The first registration module is used for responding to a registration request of a sending end component through a first function of an external component and acquiring an identifier and an area size parameter which are transmitted by the sending end component; the external component is associated with a mapping area and a memory area; selecting an idle area with the size represented by the area size parameter from the mapping area as a broadcasting film area, and recording the corresponding relation between the broadcasting film area and the identification of the transmitting end component in the memory area; the sending end component is used for writing a broadcast message into the broadcast film zone;

the second registration module is used for responding to a registration request of a receiving end component in a network-on-chip verification environment, acquiring an access identifier transmitted by the receiving end component, determining a target broadcasting fragment corresponding to the access identifier according to the corresponding relation in the memory area, and binding the receiving end component with the target broadcasting fragment;

and the acquisition module is used for responding to the message acquisition request of the receiving end assembly, acquiring the broadcast message from the target broadcast film zone and transmitting the broadcast message to the receiving end assembly.
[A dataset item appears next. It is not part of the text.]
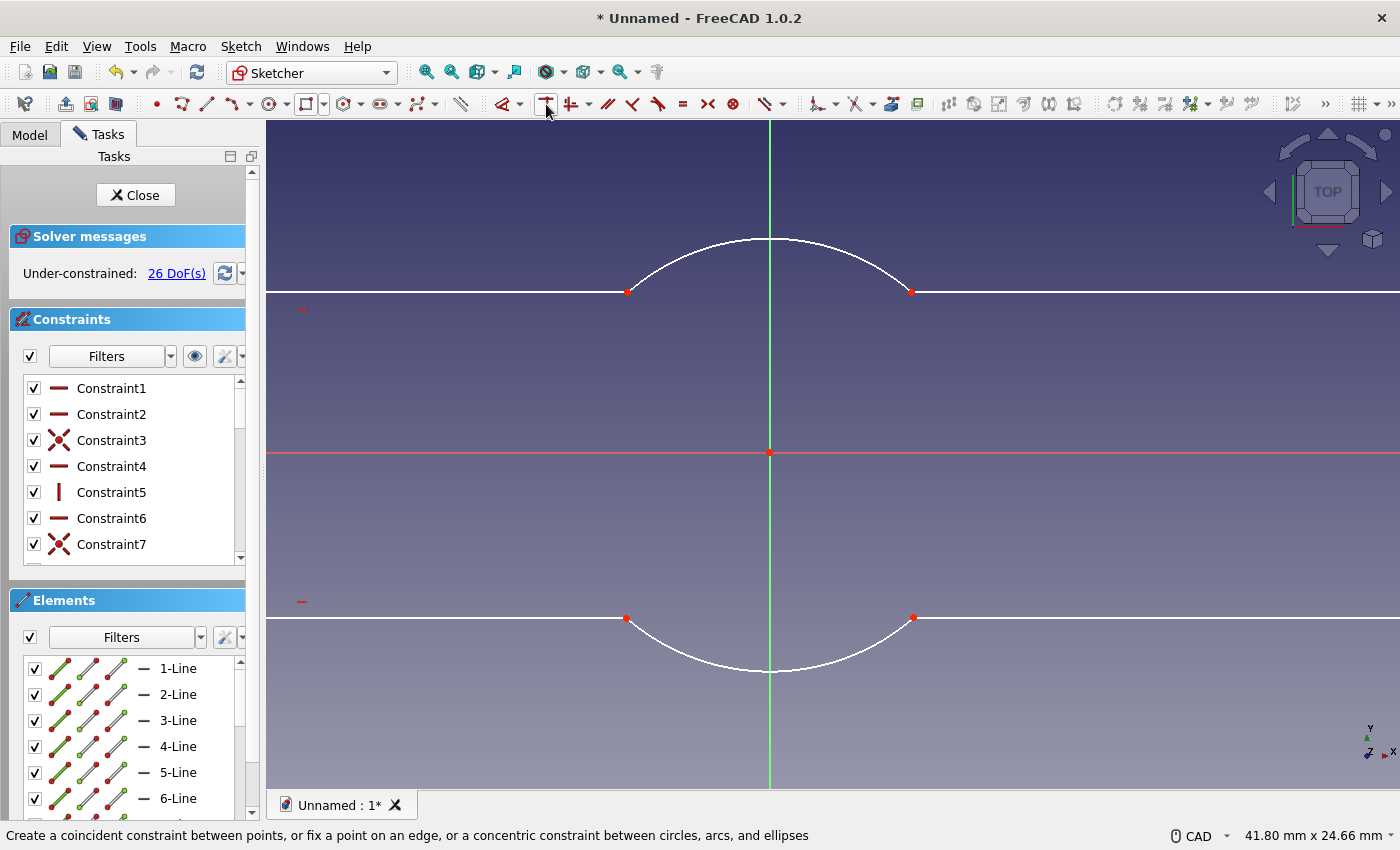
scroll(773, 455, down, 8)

8. An electronic device, comprising: a processor;

a memory for storing the processor-executable instructions;

Wherein the processor is configured to execute the instructions to implement the method of any one of claims 1 to 6.

9. A computer readable storage medium, characterized in that instructions in the computer readable storage medium, when executed by a processor of an electronic device, enable the electronic device to perform the method of any one of claims 1 to 6.